The Jets Put Themselves on Double Secret Probation

The Jets go all Soviet when it comes to the Wildcat

Under Rex Ryan, the Jets have been a team that believes that anything worth doing is worth doing as loudly as possible.

That made it more than a little shocking to learn that the Jets would be barring reporters from sharing what they saw on the field at Monday's practice. They could share that the Jets were practicing the Wildcat offense, but they couldn't offer any details about what played out on the field.

It's a strange time to choose silence. The Jets hired Tony Sparano, who put the Wildcat into the league vernacular as Dolphins coach, as their offensive coordinator and traded for Tim Tebow, a quarterback whose running ability is the only thing keeping him from playing tight end.

On the big board of mysteries, this is less "Who is Keyser Soze?" and more "Who let the dogs out?" 

Let's face it, if the Jets are just running the Wildcat then the only reason to keep it secret is if they are planning to have an actual wildcat on the field running the ball. Otherwise, they'd be running plays in an outmoded offense that every team in the league has seen since Sparano put it into heavy use while coaching the Dolphins.

What's a bit easier to believe is that the Jets are running some kind of variation on the read option looks that were the bread and butter of the Tebow-led offense in Denver last season. Or perhaps it's some kind of hybrid where Tebow, Mark Sanchez and Joe Namath are all on the field at the same time for a play that ends with a pooch punt for reasons we may never fully understand.

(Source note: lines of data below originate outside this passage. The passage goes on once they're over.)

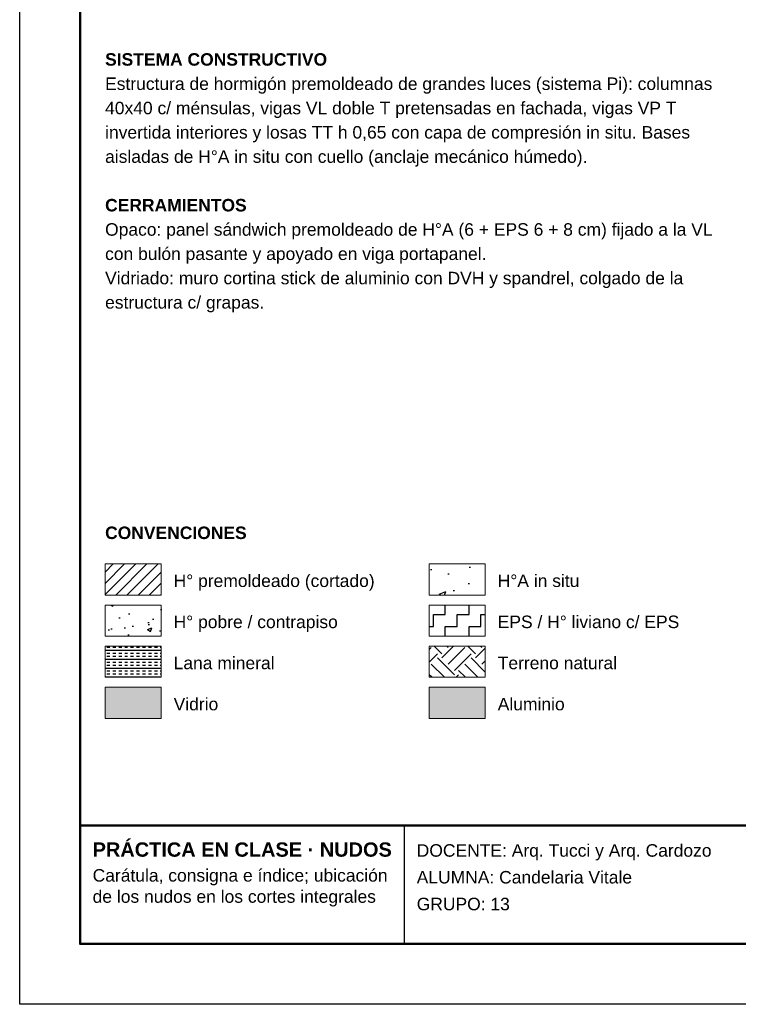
# Model space of a CAD drawing. Header units: millimetres. Extents: x 6 to 4194, y 6 to 5934.
# Tile 1 of 7: x 6 to 2312, y 6 to 3168. Entities that reach past the tile are written whole.
import ezdxf

# ---------------------------------------------------------------- set-up
doc = ezdxf.new("R2010")
doc.units = ezdxf.units.MM
doc.header["$LTSCALE"] = 20
for name, color, linetype in [('X-MARCO', 7, 'Continuous'), ('X-ROTULO', 7, 'Continuous'), ('X-TEXTOS', 7, 'Continuous')]:
    doc.layers.add(name, color=color, linetype=linetype)
doc.styles.add('ARIAL', font='arial.ttf')
doc.styles.add('ARIAL-B', font='arialbd.ttf')

msp = doc.modelspace()

# ---------------------------------------------------------------- hatches: boundary and pattern name
at = {"layer": 'X-TEXTOS'}
h = msp.add_hatch(dxfattribs=at)
h.set_pattern_fill('ANSI31', color=256, scale=8)
h.paths.add_polyline_path([(280, 1420), (460, 1420), (460, 1320), (280, 1320)])
h = msp.add_hatch(dxfattribs=at)
h.set_pattern_fill('AR-CONC', color=256, scale=1.2)
h.paths.add_polyline_path([(1320, 1420), (1500, 1420), (1500, 1320), (1320, 1320)])
h = msp.add_hatch(dxfattribs=at)
h.set_pattern_fill('AR-CONC', color=256, scale=0.8)
h.paths.add_polyline_path([(280, 1288), (460, 1288), (460, 1188), (280, 1188)])
h = msp.add_hatch(dxfattribs=at)
h.set_pattern_fill('ZIGZAG', color=256, scale=6)
h.paths.add_polyline_path([(1320, 1288), (1500, 1288), (1500, 1188), (1320, 1188)])
h = msp.add_hatch(dxfattribs=at)
h.set_pattern_fill('INSUL', color=256, scale=3)
h.paths.add_polyline_path([(280, 1156), (460, 1156), (460, 1056), (280, 1056)])
h = msp.add_hatch(dxfattribs=at)
h.set_pattern_fill('EARTH', color=256, scale=12, angle=45)
h.paths.add_polyline_path([(1320, 1156), (1500, 1156), (1500, 1056), (1320, 1056)])
at = {"layer": 'X-TEXTOS', "true_color": 0xbfe3f0}
h = msp.add_hatch(color=254, dxfattribs=at)
h.dxf.hatch_style = 1
h.paths.add_polyline_path([(280, 1024), (460, 1024), (460, 924), (280, 924)])
at = {"layer": 'X-TEXTOS', "true_color": 0x9aa3ab}
h = msp.add_hatch(color=253, dxfattribs=at)
h.dxf.hatch_style = 1
h.paths.add_polyline_path([(1320, 1024), (1500, 1024), (1500, 924), (1320, 924)])

# ---------------------------------------------------------------- linework, layer by layer
at = {"layer": 'X-MARCO', "lineweight": 30}
msp.add_lwpolyline([(6, 5934), (4194, 5934), (4194, 6), (6, 6)], close=True, dxfattribs=at)
at = {"layer": 'X-MARCO', "lineweight": 50}
msp.add_lwpolyline([(200, 5740), (4000, 5740), (4000, 200), (200, 200)], close=True, dxfattribs=at)
at = {"layer": 'X-ROTULO', "lineweight": 50}
msp.add_lwpolyline([(200, 580), (4000, 580), (4000, 200), (200, 200)], close=True, dxfattribs=at)
at = {"layer": 'X-ROTULO', "lineweight": 25}
msp.add_lwpolyline([(1240, 580), (1240, 200)], dxfattribs=at)
at = {"layer": 'X-TEXTOS', "lineweight": 13}
for points in [[(280, 1420), (460, 1420), (460, 1320), (280, 1320)], [(1320, 1420), (1500, 1420), (1500, 1320), (1320, 1320)], [(280, 1288), (460, 1288), (460, 1188), (280, 1188)], [(1320, 1288), (1500, 1288), (1500, 1188), (1320, 1188)], [(280, 1156), (460, 1156), (460, 1056), (280, 1056)], [(1320, 1156), (1500, 1156), (1500, 1056), (1320, 1056)], [(280, 1024), (460, 1024), (460, 924), (280, 924)], [(1320, 1024), (1500, 1024), (1500, 924), (1320, 924)]]:
    msp.add_lwpolyline(points, close=True, dxfattribs=at)

# ---------------------------------------------------------------- texts
at = {"layer": 'X-ROTULO'}
for s, height, style, p in [('PRÁCTICA EN CLASE · NUDOS', 45.824, 'ARIAL-B', (240, 480)), ('DOCENTE: Arq. Tucci y Arq. Cardozo', 40.096, 'ARIAL', (1280, 480)), ('Carátula, consigna e índice; ubicación', 40.096, 'ARIAL', (240, 400)), ('ALUMNA: Candelaria Vitale', 40.096, 'ARIAL', (1280, 394)), ('de los nudos en los cortes integrales', 40.096, 'ARIAL', (240, 332)), ('GRUPO: 13', 40.1, 'ARIAL', (1280, 308))]:
    msp.add_text(s, height=height, dxfattribs=dict(at, style=style)).set_placement(p)
at = {"layer": 'X-TEXTOS'}
for s, height, style, p in [('SISTEMA CONSTRUCTIVO', 40.096, 'ARIAL-B', (280, 3020)), ('Estructura de hormigón premoldeado de grandes luces (sistema Pi): columnas', 40.096, 'ARIAL', (280, 2942)), ('40x40 c/ ménsulas, vigas VL doble T pretensadas en fachada, vigas VP T', 40.096, 'ARIAL', (280, 2864)), ('invertida interiores y losas TT h 0,65 con capa de compresión in situ. Bases', 40.096, 'ARIAL', (280, 2786)), ('aisladas de H°A in situ con cuello (anclaje mecánico húmedo).', 40.096, 'ARIAL', (280, 2708)), ('CERRAMIENTOS', 40.096, 'ARIAL-B', (280, 2552)), ('Opaco: panel sándwich premoldeado de H°A (6 + EPS 6 + 8 cm) fijado a la VL', 40.096, 'ARIAL', (280, 2474)), ('con bulón pasante y apoyado en viga portapanel.', 40.096, 'ARIAL', (280, 2396)), ('Vidriado: muro cortina stick de aluminio con DVH y spandrel, colgado de la', 40.096, 'ARIAL', (280, 2318)), ('estructura c/ grapas.', 40.096, 'ARIAL', (280, 2240)), ('CONVENCIONES', 40.096, 'ARIAL-B', (280, 1500)), ('H° premoldeado (cortado)', 40.096, 'ARIAL', (500, 1346)), ('H°A in situ', 40.096, 'ARIAL', (1540, 1346)), ('H° pobre / contrapiso', 40.096, 'ARIAL', (500, 1214)), ('EPS / H° liviano c/ EPS', 40.096, 'ARIAL', (1540, 1214)), ('Lana mineral', 40.096, 'ARIAL', (500, 1082)), ('Terreno natural', 40.096, 'ARIAL', (1540, 1082)), ('Vidrio', 40.1, 'ARIAL', (500, 950)), ('Aluminio', 40.1, 'ARIAL', (1540, 950))]:
    msp.add_text(s, height=height, dxfattribs=dict(at, style=style)).set_placement(p)

doc.saveas('drawing.dxf')

If they're looking for a name for the package of plays, we'd go with the Black Sea Coast Offense because Ryan's whole plan here seems to be stolen from the pages of Khruschev instead of Pop Warner. The idea is to make teams guess about what the Jets might do on offense because those guesses will take up practice time that can't be spent on other things.

That's sort of the way things went during the Cold War, when the U.S. and U.S.S.R. would try to goad the other side into doing things because of what their enemy might be prepared to do instead of simply dealing with the things that they were actually doing.

All of the spending, spying and gamesmanship of the era wound up with the end of the Soviet Union, the more secretive of the two sides and the one without the resources of their capitalist rivals.

Let's hope the analogy doesn't stretch quite that far for the Jets because they definitely bear some similarity to the boys from the Kremlin. Just as the Soviets acted like a world power without the money to pay for the dirty business of being a world power, the Jets act like an NFL contender without a roster that has the talent to do the dirty business of being an NFL contender.

And that's why they are staking part of their offense on a plan that involves taking their starting quarterback out of the game in the middle of drives, a move that shows about as much strength as making the Berlin Wall out of chicken wire.

On second thought, maybe it is for the best that the Jets keep all this stuff a secret.